START DATASET SECTION

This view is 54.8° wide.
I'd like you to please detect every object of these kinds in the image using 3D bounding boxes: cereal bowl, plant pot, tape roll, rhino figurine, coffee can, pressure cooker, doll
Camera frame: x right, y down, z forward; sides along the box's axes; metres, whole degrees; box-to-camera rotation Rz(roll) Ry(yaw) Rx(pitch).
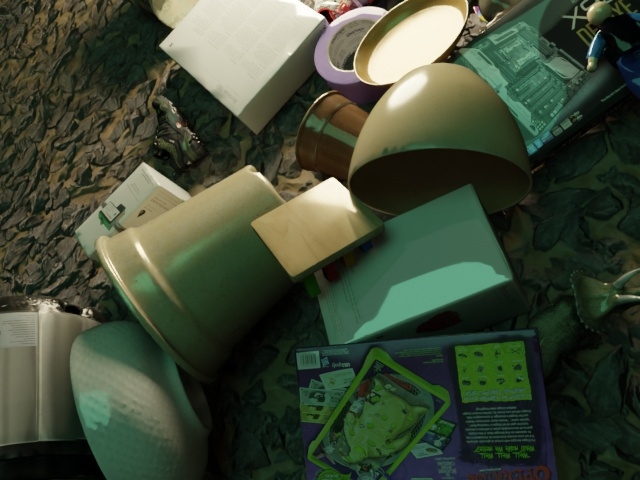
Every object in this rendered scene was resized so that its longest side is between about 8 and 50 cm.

END DATASET SECTION

■ WORK REQUIRED: Return the full listing exactly as written, without any of its images.

■ OUTPUT FOR THIS TASK:
This view is 54.8° wide.
I'd like you to please detect every object of these kinds in the image using 3D bounding boxes: cereal bowl, plant pot, tape roll, rhino figurine, coffee can, pressure cooker, doll
Camera frame: x right, y down, z forward; sides along the box's axes; metres, whole degrees; box-to-camera rotation Rz(roll) Ry(yaw) Rx(pitch).
Every object in this rendered scene was resized so that its longest side is between about 8 and 50 cm.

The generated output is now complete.